As if it were some rehearsed church performance, the gent quit himself to one of the hidden doors, opened it, and disappeared, leaving Denison, Diabolus, and David James alone for some time, drinking in the stoney quiet of the subterranean vault.  The German fellow was visibly sweating at this juncture, while Diabolus sat quietly smoking and sipping some unknown beverage from a copper cup.  Denison had been poured a drink but had yet to lift it to his mouth.  Naught but the stoney silence greeted the hearing, until the soft footsteps of Alfred echoed on the other side of the door.  He swung the door open and shut quickly, carrying a rosewood box of ornate make under his arm.  As he walked, he looked upon Diabolus with some intent, approached him very closely, and whispered something into his ear.  David James could view Diabolus' face and Alfed’s mouth from the small wooden table at which he had established himself in the corner.  One word was clear from Alfred’s silent movements: “Dead.”  Diabolus' face showed no sign of any emotion or even evidenced a response. He continued smoking and took another sip from his copper jug.   “Mr. Denison.  Why have you taken no sip from your glass?  I poured it especially for you.”  David James felt some surprise at this.  The whiskey was most certainly of British make and very fine, too; the Brits had sent little else but a couple barrels of their finest when the cannonade finally reached Atlanta.  It had helped him sleep at night as he rode away with the rest of the regiment tale-tucked-between the legs.  

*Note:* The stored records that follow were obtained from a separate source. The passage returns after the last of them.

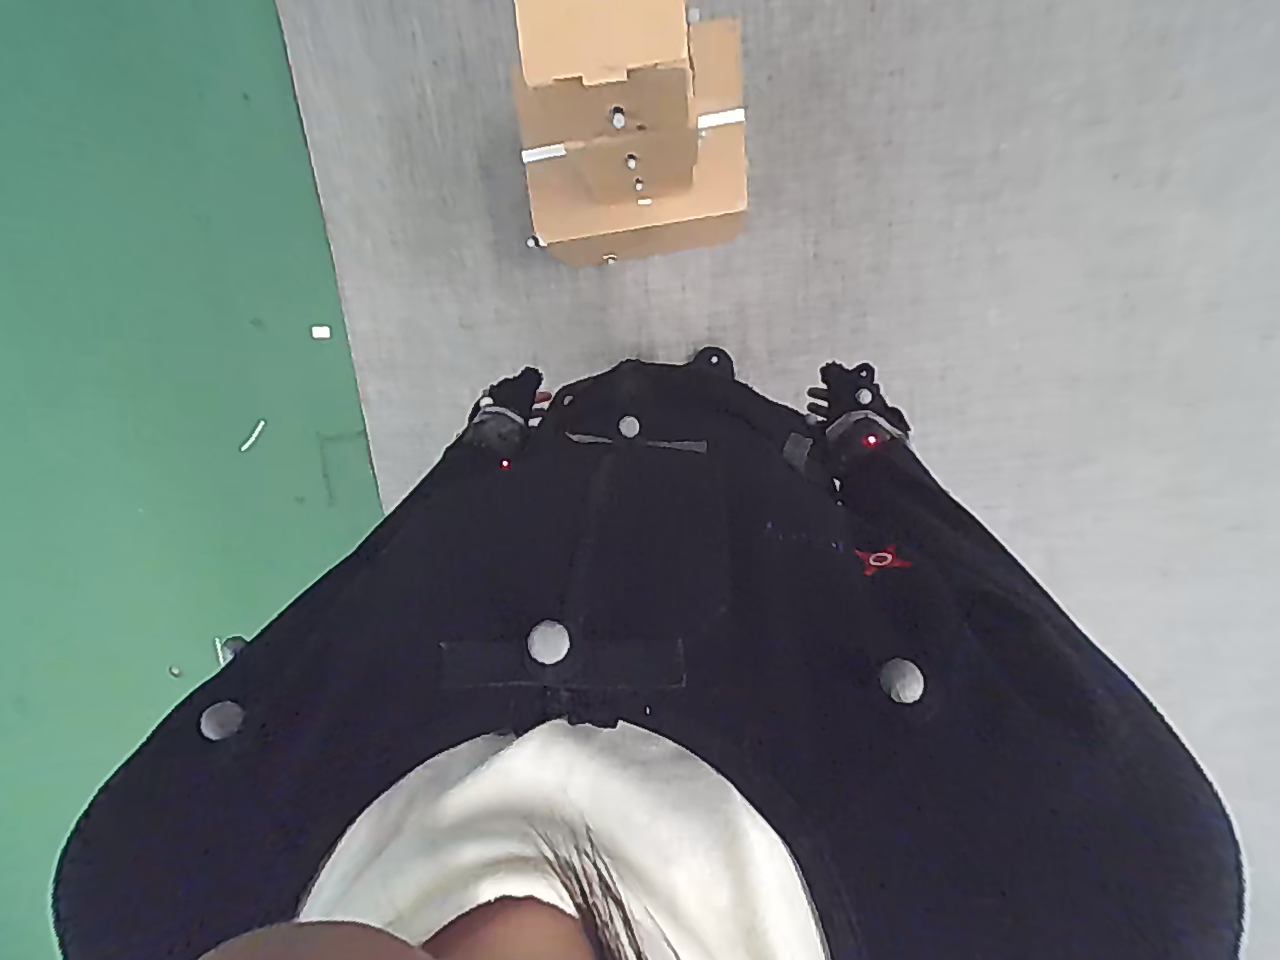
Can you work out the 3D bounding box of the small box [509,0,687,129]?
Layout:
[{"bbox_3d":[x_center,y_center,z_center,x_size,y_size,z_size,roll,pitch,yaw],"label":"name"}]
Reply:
[{"bbox_3d":[-0.036,-0.503,0.583,0.168,0.176,0.179,-2,106,7],"label":"small box"}]

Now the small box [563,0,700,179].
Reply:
[{"bbox_3d":[-0.016,-0.536,0.742,0.179,0.176,0.168,-8,105,7],"label":"small box"}]

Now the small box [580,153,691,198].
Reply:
[{"bbox_3d":[-0.007,-0.584,0.899,0.179,0.176,0.168,-4,105,6],"label":"small box"}]
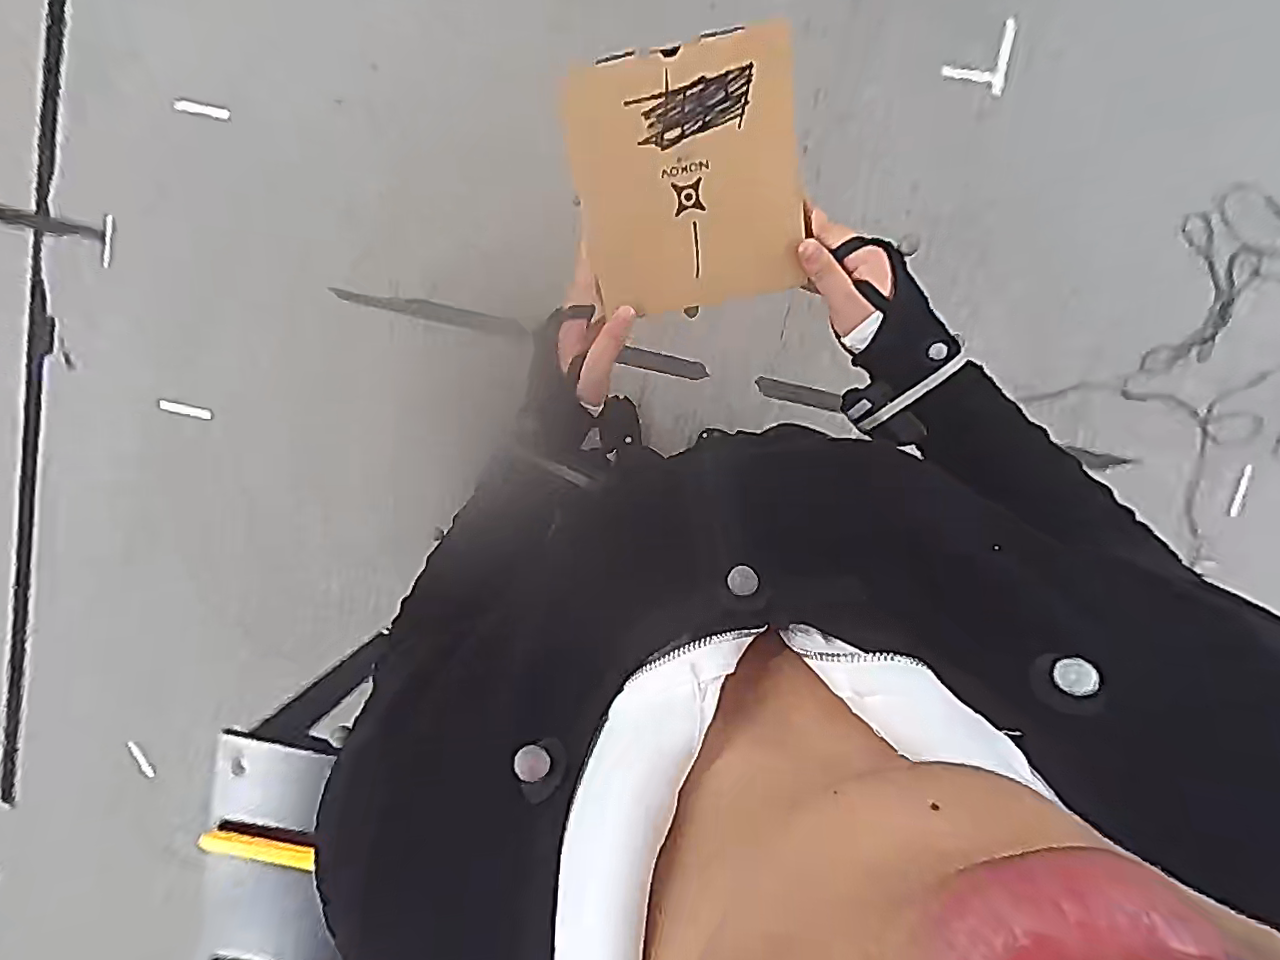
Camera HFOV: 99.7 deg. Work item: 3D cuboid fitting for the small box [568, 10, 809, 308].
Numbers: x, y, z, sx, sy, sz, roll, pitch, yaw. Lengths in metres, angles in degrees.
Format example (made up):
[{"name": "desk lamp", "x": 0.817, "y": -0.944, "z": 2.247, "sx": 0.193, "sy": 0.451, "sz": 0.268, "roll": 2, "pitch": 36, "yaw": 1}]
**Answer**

“I’m not thirsty.” The man replied, and a truer reply there possibly never was.  At that moment a clatter and a bang resounded from one side of the door which Alfred had recently vacated, and a woman in tattered garb burst through with a look of horror in her eyes.  David James stood in shock and viewed her with surprise, while the other men simply looked upon her with bored annoyance, with the exception of Diabolus, who approached to lift the woman’s face from the stoney ground, which she looked upon and wet with her tears.  “What is it, my sweet?  Has the storm disturbed your slumber?  Did not Mr. Denison take you to the quarters below ground?”  She looked at him with feverish eyes, blue and clear, darting back and forth.  Her ragged breaths hollowly clung to the walls of the barroom.  “He di’n’t mean nothin’, suh.  Leave him be, I pray ya.  Leave him.  Le’us go teh the desert.”  David James started at the tattered remains of the woman’s voice, a voice which might have once soared in genteel refrain over an entire room of gentlemen and their ladies.  Now, it rasped hollowly with life.  Denison had stood from where he was at the bar, and his fear was replaced by a look of warlike rage, reminiscent of the Germanness he no doubt claimed so proudly.  He did not lack the fighting spirit, and his hand was clasping his pistol with scarcely withheld rancor, a rancor directed against Diabolus.  His blue eyes shot fire.  Diabolus, if he noticed, did not respond or look to acknowledge him.  “Well, my sweet, you are under my protection.  Do you insult my hospitality so much that you ask for the dunes instead?  Doubtless you wish to join us for a game of cards?”

There was a swift movement, a flash, a resounding crack, a woman’s shriek of fear and David James dove behind the bar table for cover


  • Before I waste time undergoing a project, I have one question:  Does this short excerpt work for you as a beginning, as in, does it draw you in and make you want more?  If so, why?  If not, why not?